Direct Assay: In this method, the antigen is immobilized to the surface and detected directly via an antibody that’s bound to a chemiluminescent enzyme. (Same as above)
Indirect Assay: In this method, the detecting antibody doesn’t have the chemiluminescent enzyme. So, another antibody must bind to the first antibody to facilitate detection.
Sandwich Assay: The most common type of ELISA. In this assay, a “capture” antibody is first immobilized to the substrate. Then antigen is flowed over it so that it gets immobilized to the surface along with the capture antibody. Finally the detection antibody is flowed over the substrate and it binds the antigen. This detection antibody may be directly conjugated to the chemiluminescent enzyme (just like a direct assay) or another antibody may be needed (just like the indirect assay).
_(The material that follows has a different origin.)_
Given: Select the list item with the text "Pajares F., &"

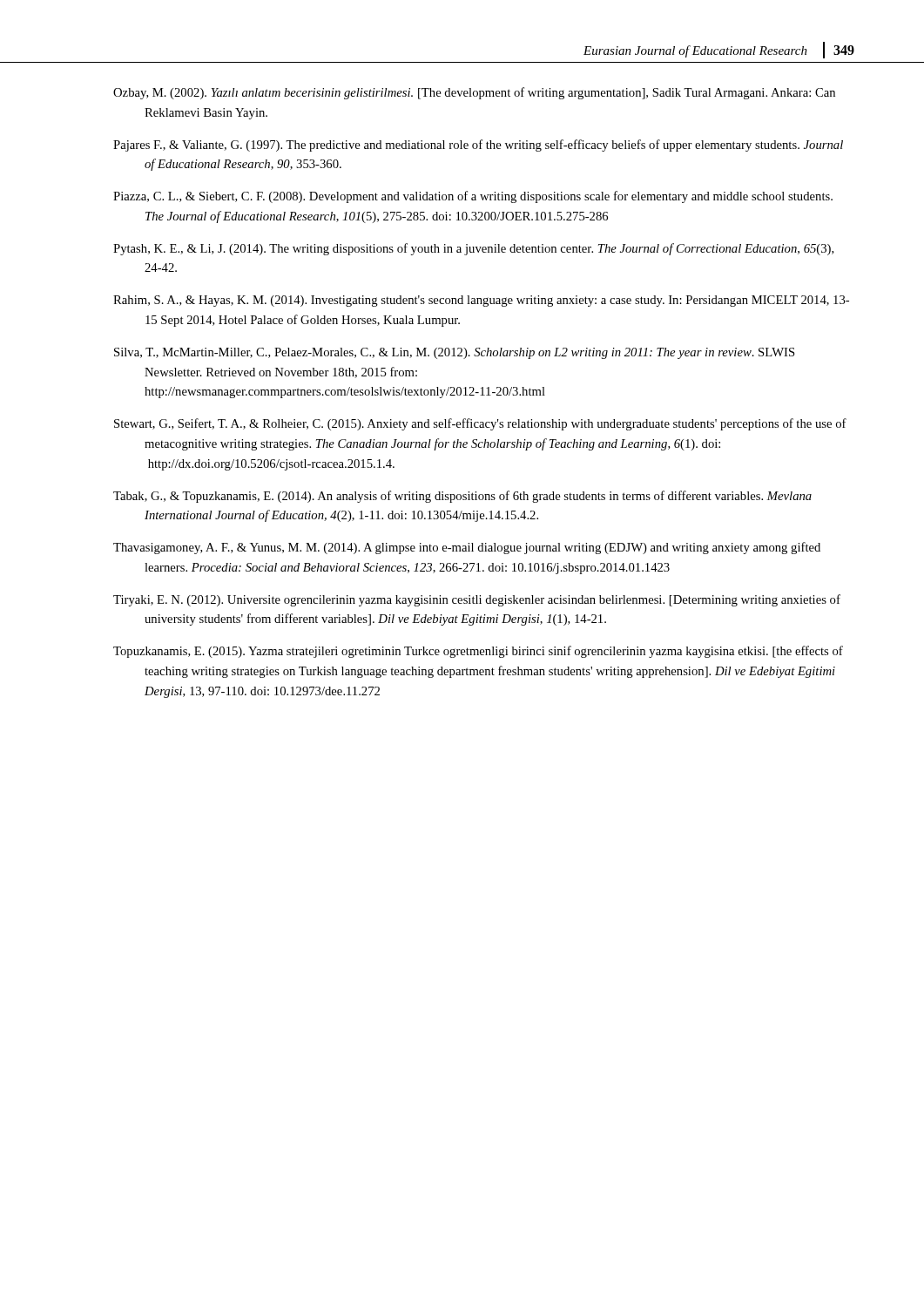Looking at the screenshot, I should point(478,154).

A Complete Sandwich ELISA protocol
Materials for ELISA
96 well polystyrene plate
0.2 M sodium carbonate/bicarbonate buffer, pH 9.4
0.1 M phosphate, 0.15 M sodium chloride, pH 7.2 with 0.05% Tween 20
2% w/v Bovine Serum Albumin in Wash Buffer
2% w/v BSA in Wash buffer or a more appropriate buffer such as cell culture media
2 M Sulfuric Acid
Capture Antibody Solution
15 ug/ml antibody in coating buffer
Detection Antibody Solution
10 ug/ml in (20% Diluent buffer/80% Wash Buffer)
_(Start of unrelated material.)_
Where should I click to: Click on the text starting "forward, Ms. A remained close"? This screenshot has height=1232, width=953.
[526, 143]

Enzyme Conjugated Antibody Solution
200 ng/ml in (20% Diluent buffer/80% Wash Buffer)
TMB (3,3′,5,5′-tetramethylbenzidine). 1 mg/ml. Usually commercially available as a solution.
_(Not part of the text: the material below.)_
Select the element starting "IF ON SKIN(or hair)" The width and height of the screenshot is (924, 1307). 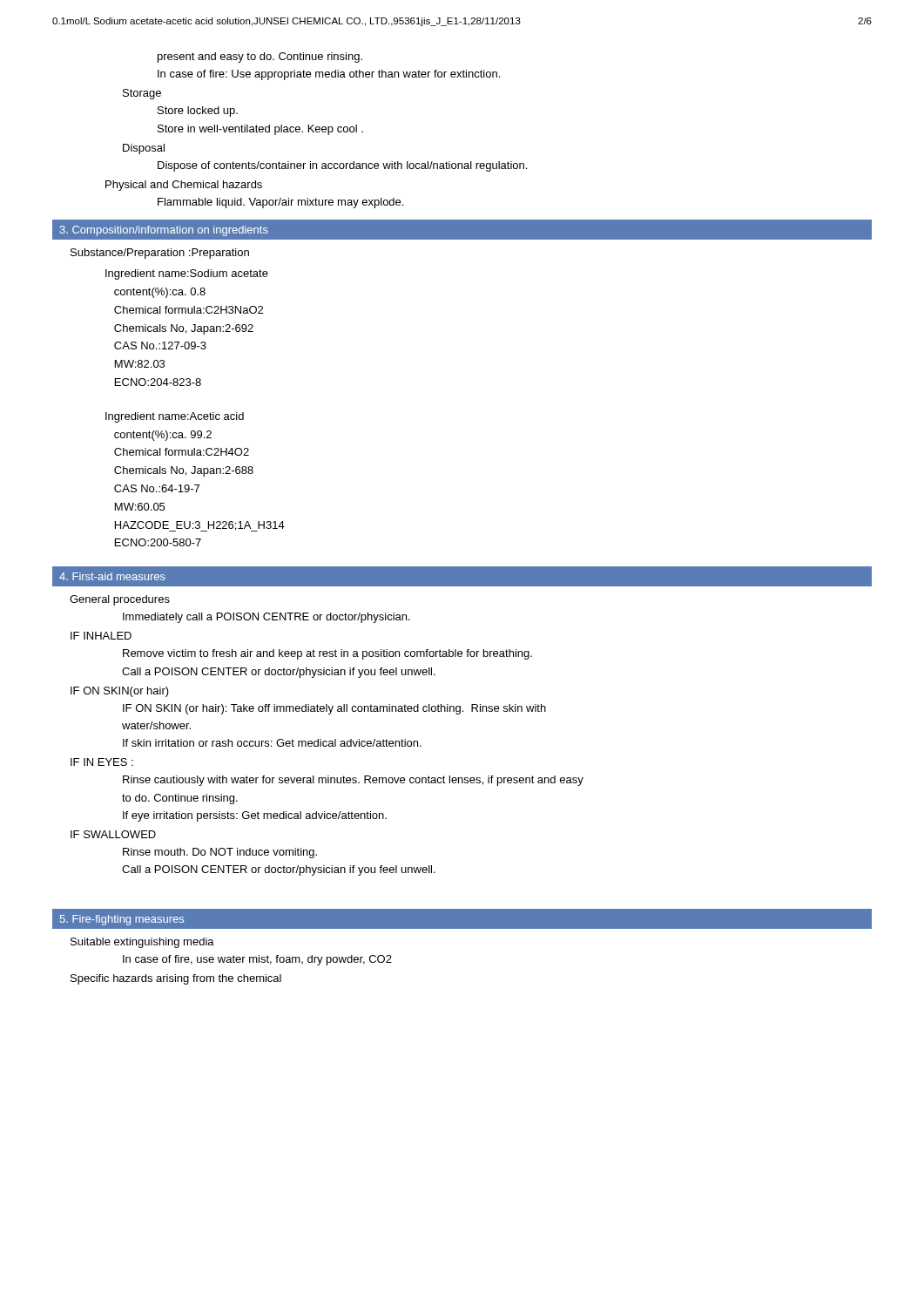(x=119, y=690)

Step-By-Step Method for ELISA
Prepare a standard curve with your antigen in Diluent Buffer spanning a wide range of concentrations from 0 pg/ml to 3 times your maximum expected antigen concentration (3000 pg/ml approximately)
Dilute the capture antibody to 15 ug/ml and have enough for 100 ul/well
Add the capture antibody to the polystyrene plate, cover, and incubate at room temp. for 2 hours
Remove the solution from each well and add in wash buffer (200 ul per well). Shake for 5 minutes. Repeat 3-5 times.
Add 200 ul of blocking buffer per well, cover and incubate at room temperature for 1 hour (or overnight at 4 oC).
Prepare the samples and standards such that you have 100 ul per well
Remove the wash buffer and add in your sample + standard antigens into different wells. Cover and incubate at room temperature for 1 hour
Repeat Step 4 to wash the plate
Add 100 ul of the Detection Antibody per well. Incubate at room temperature for 1 hour.
Repeat Step 4 to wash the plate
Add 100 ul of the Enzyme conjugated Antibody to each well and incubate for 1 hour at r.t.
Repeat Step 4 to wash the plate (2 times). We need to make sure the plate is very clean and any non-specific binding is minimized.
Add 100 ul of the HRP substrate solution (1 mg/ml TMB)
Incubate until blue (usually about 10 minutes at room temperature)
Add 100 ul of Stop Buffer. This should make the solution yellow.
Measure using a plate reader at 450 nm absorbance.
Notes on this ELISA method
Note 1. Your standard curve needs to span beyond your antigen concentration because you need to determine the exact amount of your antigen within the linear range of the standard curve. If necessary, dilute your antigen solution down to a point where it is within your standard range.
Note 2. Concentration of antibodies used will need to be optimized. It is highly likely that you will need to dilute each of the antibodies down rather than increase their concentration because these are at the upper ranges of the necessary concentration.